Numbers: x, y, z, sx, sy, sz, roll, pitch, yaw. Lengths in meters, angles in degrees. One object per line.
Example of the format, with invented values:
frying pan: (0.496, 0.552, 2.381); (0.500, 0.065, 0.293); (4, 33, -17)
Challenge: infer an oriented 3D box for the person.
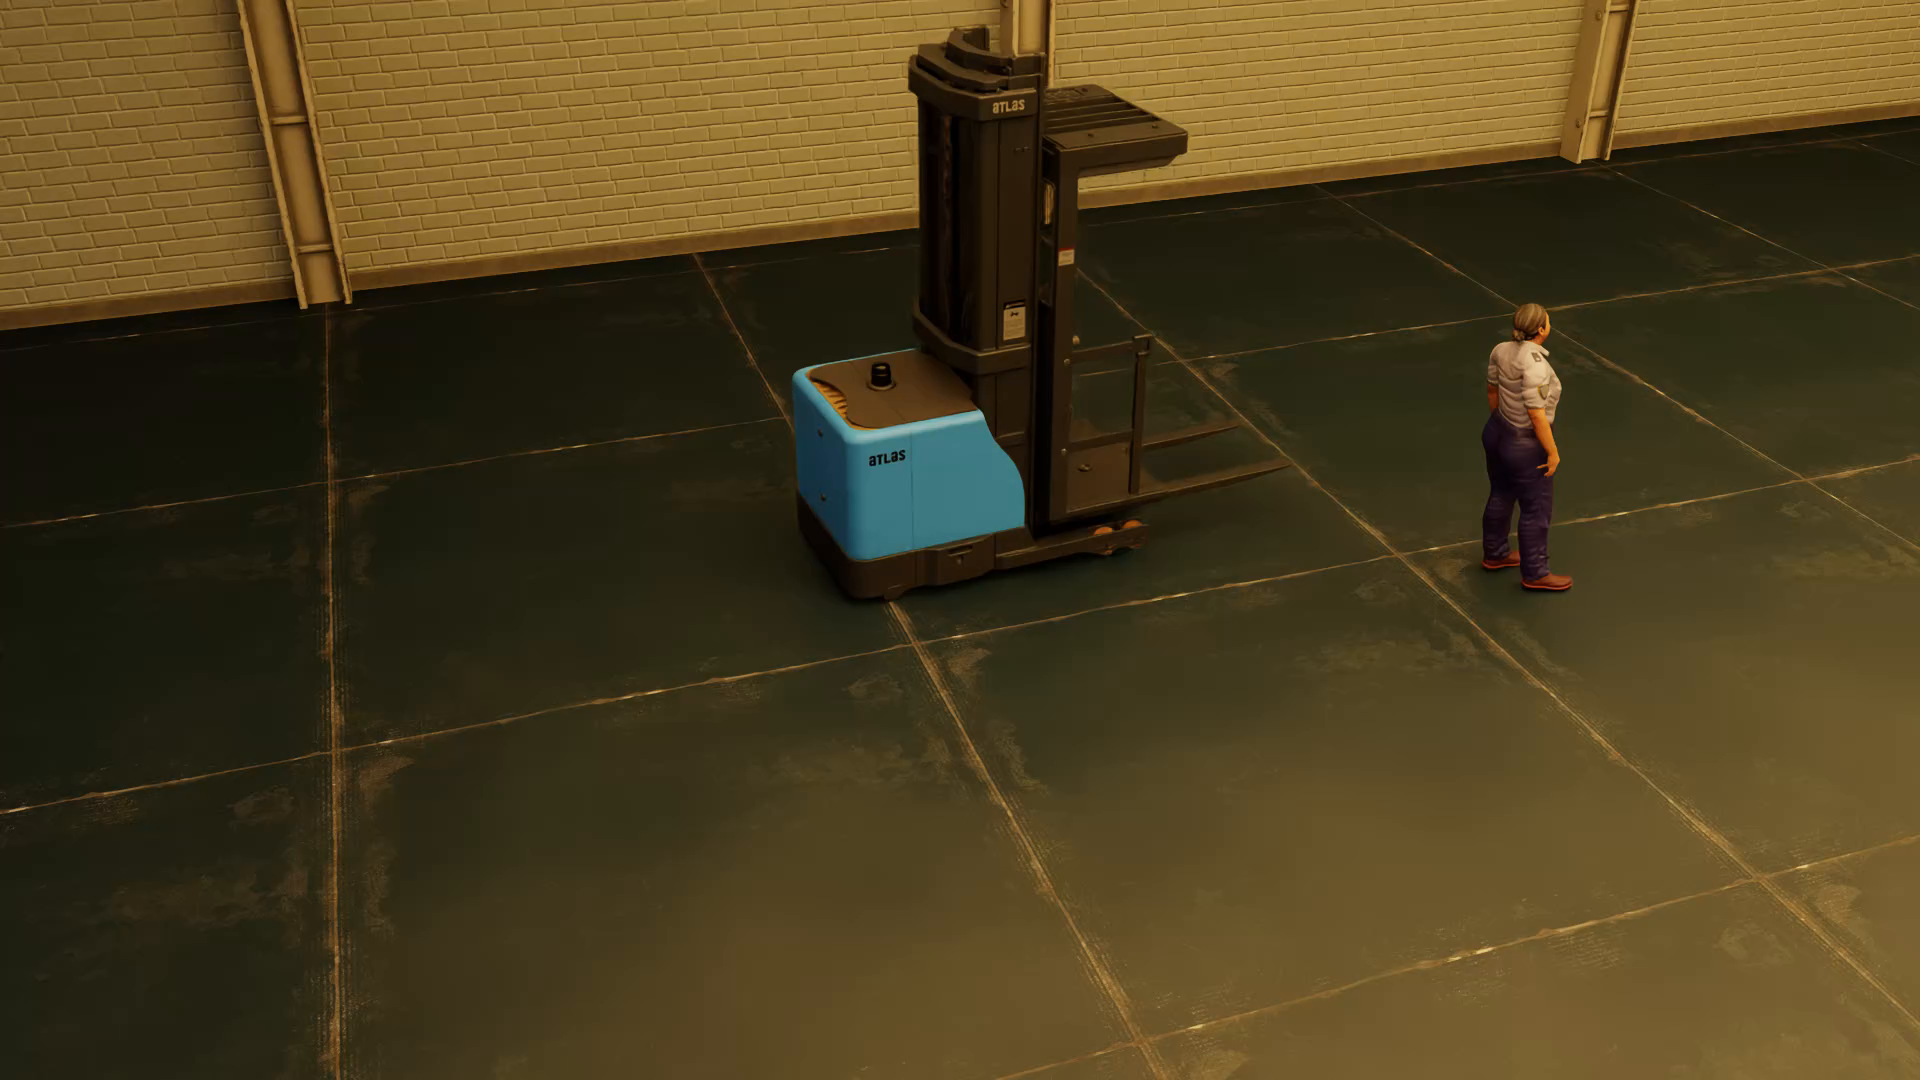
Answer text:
person: (3.213, -0.543, 9.305); (0.500, 1.651, 0.594); (-8, 31, -13)

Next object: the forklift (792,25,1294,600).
forklift: (0.578, -1.407, 9.533); (3.031, 2.935, 1.130); (-12, 32, -20)

(Exercise directions)
Reproduce every record verbatim, please. Omit the images.

(Result of this exercise)
Numbers: x, y, z, sx, sy, sz, roll, pitch, yaw. Lengths in meters, angles in degrees. One object per line.
Example of the format, with invented values:
frying pan: (0.496, 0.552, 2.381); (0.500, 0.065, 0.293); (4, 33, -17)
Challenge: infer an oriented 3D box for the person.
Answer text:
person: (3.213, -0.543, 9.305); (0.500, 1.651, 0.594); (-8, 31, -13)

Next object: the forklift (792,25,1294,600).
forklift: (0.578, -1.407, 9.533); (3.031, 2.935, 1.130); (-12, 32, -20)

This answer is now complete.